A female friend once told me a story about a first date with a guy she met online.
He stood waiting outside a bar as she approached him. From a distance she immediately knew he wasn’t her type.
He was dressed in the most unfashionable, mish-mashed outfit possible. It appeared as though he had rampaged through a charity shop for middle aged men and grabbed the brightest coloured garments he could find.
(Take note, fashion can be an instant attraction killer and sink your chances before the date has even begun)
She walked up to him and he introduced himself. His voice was high and raspy, the kind everyone puts on when impersonating an uber-geek.
(Make sure you work on developing a deeper voice, speak slowly and clearly)
Knowing the chances of ever finding him attractive were zero, and not wanting to waste either of their time, she made an excuse about needing to meet a friend. Anything to get away from him as quickly as possible.
But before she could leave, he did something to seal the nail in his dating coffin.
He reached inside his jacket pocket with one hand, and withdrew a canary yellow envelope, addressed to her.
‘I want you to have this’, he said, handing it over.
‘Thanks’, she said, accepting it awkwardly, before leaving at a brisk pace.
Later that night she returned home and told her flatmate about the whole episode. Together they sat on the sofa, and with some trepidation tore open the envelope.
Inside was a card.
They held their breath, and slowly opened it. They stared at the words.
It simply read:
Thanks for going on a date with me.
Rather than the intended effect of making her more attracted and increasing his chances of a second date, it reeked of neediness and left her feeling weirded out and as though he was rather creepy.
Why you shouldn’t buy her gifts
You buy gifts for friends, wives and girlfriends.
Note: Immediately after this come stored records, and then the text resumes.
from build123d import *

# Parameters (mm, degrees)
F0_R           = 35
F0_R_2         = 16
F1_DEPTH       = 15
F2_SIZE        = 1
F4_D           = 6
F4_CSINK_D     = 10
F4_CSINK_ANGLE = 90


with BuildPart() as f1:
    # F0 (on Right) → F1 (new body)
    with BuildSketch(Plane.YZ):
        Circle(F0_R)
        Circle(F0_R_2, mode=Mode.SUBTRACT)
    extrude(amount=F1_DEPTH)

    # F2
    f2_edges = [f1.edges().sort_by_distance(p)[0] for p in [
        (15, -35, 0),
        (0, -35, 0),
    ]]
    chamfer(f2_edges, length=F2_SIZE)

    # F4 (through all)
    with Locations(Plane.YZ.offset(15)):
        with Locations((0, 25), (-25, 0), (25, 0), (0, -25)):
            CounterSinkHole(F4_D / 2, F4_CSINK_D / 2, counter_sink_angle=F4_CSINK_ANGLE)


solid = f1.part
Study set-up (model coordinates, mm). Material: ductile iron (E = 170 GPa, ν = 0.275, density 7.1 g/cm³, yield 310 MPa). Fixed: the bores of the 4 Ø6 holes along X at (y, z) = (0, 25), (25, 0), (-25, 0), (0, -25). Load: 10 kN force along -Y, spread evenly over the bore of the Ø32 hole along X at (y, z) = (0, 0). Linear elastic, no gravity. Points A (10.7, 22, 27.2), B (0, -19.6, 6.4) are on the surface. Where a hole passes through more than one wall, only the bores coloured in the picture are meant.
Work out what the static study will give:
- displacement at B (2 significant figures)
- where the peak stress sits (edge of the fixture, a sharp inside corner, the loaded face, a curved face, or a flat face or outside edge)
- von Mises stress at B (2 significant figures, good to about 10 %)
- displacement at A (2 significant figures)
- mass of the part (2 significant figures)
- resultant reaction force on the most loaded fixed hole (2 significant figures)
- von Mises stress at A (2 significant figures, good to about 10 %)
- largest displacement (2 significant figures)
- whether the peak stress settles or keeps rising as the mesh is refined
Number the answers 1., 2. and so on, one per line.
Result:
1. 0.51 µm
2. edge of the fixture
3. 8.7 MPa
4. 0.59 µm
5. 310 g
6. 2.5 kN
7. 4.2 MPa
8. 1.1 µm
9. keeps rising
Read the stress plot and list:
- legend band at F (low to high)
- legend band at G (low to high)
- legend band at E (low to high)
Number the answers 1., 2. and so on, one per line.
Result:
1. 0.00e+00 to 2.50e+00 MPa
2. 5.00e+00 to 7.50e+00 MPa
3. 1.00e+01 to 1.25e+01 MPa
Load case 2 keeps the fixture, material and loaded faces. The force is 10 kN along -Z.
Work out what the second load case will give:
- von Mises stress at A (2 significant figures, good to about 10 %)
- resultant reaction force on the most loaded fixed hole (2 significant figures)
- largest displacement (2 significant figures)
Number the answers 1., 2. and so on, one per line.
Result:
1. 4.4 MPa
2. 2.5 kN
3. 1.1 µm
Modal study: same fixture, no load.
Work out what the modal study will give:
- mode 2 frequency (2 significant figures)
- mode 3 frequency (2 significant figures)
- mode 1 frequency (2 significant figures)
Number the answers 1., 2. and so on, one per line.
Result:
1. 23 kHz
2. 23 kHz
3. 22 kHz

You buy gifts for people who are important parts of your life and you have known a while. You buy gifts for people who have done something to EARN them.
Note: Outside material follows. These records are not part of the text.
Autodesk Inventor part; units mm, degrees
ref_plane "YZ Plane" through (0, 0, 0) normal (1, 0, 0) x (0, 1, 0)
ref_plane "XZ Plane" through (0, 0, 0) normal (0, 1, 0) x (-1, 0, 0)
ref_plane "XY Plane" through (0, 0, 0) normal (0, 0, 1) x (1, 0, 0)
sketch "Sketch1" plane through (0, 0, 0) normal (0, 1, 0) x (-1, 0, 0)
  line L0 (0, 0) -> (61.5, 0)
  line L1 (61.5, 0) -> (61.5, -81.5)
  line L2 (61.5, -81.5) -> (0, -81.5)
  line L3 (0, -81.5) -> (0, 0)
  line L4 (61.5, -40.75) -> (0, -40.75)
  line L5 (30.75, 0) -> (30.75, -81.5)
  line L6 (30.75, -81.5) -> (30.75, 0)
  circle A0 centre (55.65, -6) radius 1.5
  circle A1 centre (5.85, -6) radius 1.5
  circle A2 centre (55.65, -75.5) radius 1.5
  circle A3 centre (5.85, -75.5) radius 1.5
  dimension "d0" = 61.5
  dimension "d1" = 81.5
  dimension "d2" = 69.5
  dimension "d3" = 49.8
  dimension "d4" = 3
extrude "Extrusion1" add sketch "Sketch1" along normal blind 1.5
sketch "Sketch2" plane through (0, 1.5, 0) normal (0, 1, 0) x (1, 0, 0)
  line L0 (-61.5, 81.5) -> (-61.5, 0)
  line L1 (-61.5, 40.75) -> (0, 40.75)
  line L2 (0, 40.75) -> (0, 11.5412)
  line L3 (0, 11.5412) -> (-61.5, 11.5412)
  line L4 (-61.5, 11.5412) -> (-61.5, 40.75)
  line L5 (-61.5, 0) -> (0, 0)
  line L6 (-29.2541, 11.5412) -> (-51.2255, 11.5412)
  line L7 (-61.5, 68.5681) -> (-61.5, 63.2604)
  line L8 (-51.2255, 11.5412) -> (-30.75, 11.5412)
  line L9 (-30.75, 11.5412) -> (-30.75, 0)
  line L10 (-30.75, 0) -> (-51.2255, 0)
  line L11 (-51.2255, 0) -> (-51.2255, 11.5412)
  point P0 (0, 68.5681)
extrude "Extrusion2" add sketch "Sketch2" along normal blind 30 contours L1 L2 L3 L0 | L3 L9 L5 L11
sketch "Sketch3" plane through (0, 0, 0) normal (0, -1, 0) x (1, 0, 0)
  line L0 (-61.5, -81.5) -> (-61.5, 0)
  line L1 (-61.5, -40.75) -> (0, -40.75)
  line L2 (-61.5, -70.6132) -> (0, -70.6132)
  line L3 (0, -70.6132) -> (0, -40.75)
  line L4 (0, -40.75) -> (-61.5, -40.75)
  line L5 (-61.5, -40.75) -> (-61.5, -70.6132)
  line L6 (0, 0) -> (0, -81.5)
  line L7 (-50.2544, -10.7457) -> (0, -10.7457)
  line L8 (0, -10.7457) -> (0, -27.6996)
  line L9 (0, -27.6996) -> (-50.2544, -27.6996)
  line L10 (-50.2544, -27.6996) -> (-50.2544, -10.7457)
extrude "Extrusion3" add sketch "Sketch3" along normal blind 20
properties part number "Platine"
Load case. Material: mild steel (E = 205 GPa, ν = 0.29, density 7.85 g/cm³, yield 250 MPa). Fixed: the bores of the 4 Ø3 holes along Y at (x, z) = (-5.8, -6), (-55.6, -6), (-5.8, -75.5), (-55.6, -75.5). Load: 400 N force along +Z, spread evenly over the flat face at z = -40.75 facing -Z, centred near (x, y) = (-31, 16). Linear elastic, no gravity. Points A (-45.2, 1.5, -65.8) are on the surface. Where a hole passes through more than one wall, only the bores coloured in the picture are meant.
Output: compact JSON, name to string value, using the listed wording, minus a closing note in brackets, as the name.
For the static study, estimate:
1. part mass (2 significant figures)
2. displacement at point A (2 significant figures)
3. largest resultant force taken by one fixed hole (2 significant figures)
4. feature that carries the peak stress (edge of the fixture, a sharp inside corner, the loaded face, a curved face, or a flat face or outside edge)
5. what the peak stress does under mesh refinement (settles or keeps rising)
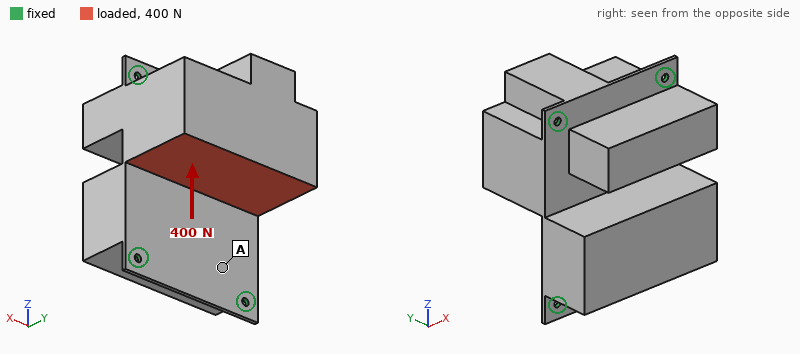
{"part mass": "960 g", "displacement at point A": "3.5 µm", "largest resultant force taken by one fixed hole": "150 N", "feature that carries the peak stress": "edge of the fixture", "what the peak stress does under mesh refinement": "keeps rising"}
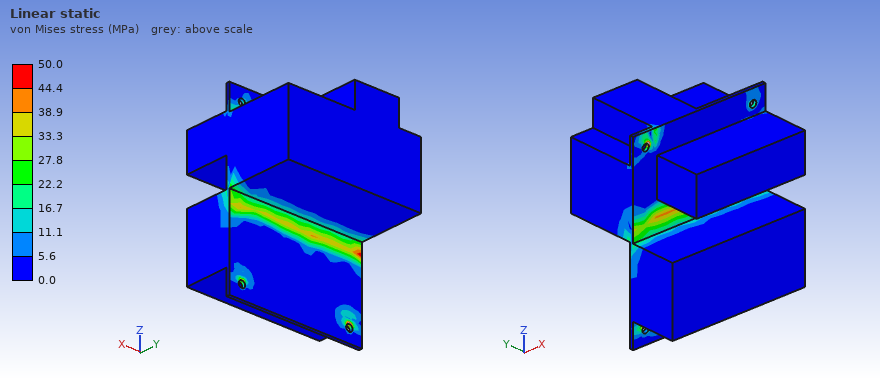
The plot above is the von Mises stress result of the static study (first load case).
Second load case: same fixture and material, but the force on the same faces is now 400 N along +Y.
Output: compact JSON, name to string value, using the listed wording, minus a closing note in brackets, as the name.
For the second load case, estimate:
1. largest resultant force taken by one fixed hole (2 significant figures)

{"largest resultant force taken by one fixed hole": "110 N"}
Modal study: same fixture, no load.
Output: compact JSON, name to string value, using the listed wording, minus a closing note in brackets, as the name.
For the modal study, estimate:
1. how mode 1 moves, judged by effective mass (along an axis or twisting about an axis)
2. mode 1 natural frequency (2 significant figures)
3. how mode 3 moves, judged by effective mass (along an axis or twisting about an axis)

{"how mode 1 moves, judged by effective mass": "along Y", "mode 1 natural frequency": "890 Hz", "how mode 3 moves, judged by effective mass": "along Y"}

When have you ever bought a stranger a gift (charitable donations excluded)? The only time someone does this is when trying to influence or persuade. Like a bribe.
Showing up on a date with a gift sub-communicates one or several of the following:
- You want something. You want something from her (normally sex or a relationship) but don’t regard yourself highly enough for her to offer it to you naturally. Therefore you are offering her a bribe as a convincer. Ever had someone give you something randomly? You immediately get on the defensive because you sense they are going to ask for something in return. There’s no such thing as a free lunch.
- You lack self-confidence. In your head you are thinking ‘She’s better than me and my natural self is not enough. The only way she will ever date me is if I make up that difference by giving her something over and above myself’. These negative thoughts will hold you back in life as well as with women, and need to be eliminated.
- You are rich. If the gift is expensive, you are trying to boast about how much money you earn.
A woman once told me the most attractive she ever found her husband was when he was in his suit heading out for a day’s work. He wasn’t even thinking about her at that moment. He was focused on his ambitions, his goals, and earning money to provide for the family.
That’s the type of guy you want to be.
Bringing a gift to a date communicates the opposite.
It makes her question your motives. It tells her you are a man who is needy, self-doubting and has confidence issues. Extrapolating into the future, you’re in danger of altering your life to be with her, deviating from your mission, screwing up at work, and not being able to provide for the family. That isn’t a risk she can take when one of her primary desires is to raise a family, and her primary needs are safety and security.
What should you take to a first date?
Nothing but yourself!
You must learn to believe that you alone are enough. No gimmicks, no bribes. Just you and your charming personality.
Would Channing Tatum or Ryan Gosling turn up to a first date with a gift?
No! In fact, I bet women turn up with gifts for them!
When CAN you buy her gifts?
As a rule of thumb, save the gifts for when you are boyfriend and girlfriend. However, like any rules, there are exceptions.
- First date drink. On a first date you may buy her a drink. It’s polite, demonstrates you are socially savvy, and only costs a small amount of money (no champagne!). Buying someone a drink is something you would do for a friend of a friend, and doesn’t have romantic connotations associated with it. For example, you could buy a male work colleague a drink. Normally, modern women will offer to split the bill, or buy you the next round. This situation is different to buying a random woman in a bar a drink (which you shouldn’t do). But when you are expecting to spend an hour or two with the girl on a prearranged date, a drink is fine.
- Date activities. I recommend limiting first dates to a drink in a bar. When you get to the 4th date, and you’ve got to know her, and consider her girlfriend material (not just someone you want to sleep with casually), then you will probably want to do an activity together. As a man, you should be the one picking the activity and making arrangements, and are likely to pay for the tickets in advance. This is fine, as long as the activity is fairly cheap (under £20). Again, she is likely to return the favour in the future and buy you drinks at the venue or get you food. If the activity costs more than this you should tell her how much it is going to be and ask if she is OK with that. She will understand this means you want her to contribute.
So remember, don’t take gifts to dates. It might make her outwardly happy for a brief amount of time, but deep down she’ll know you aren’t the one for her.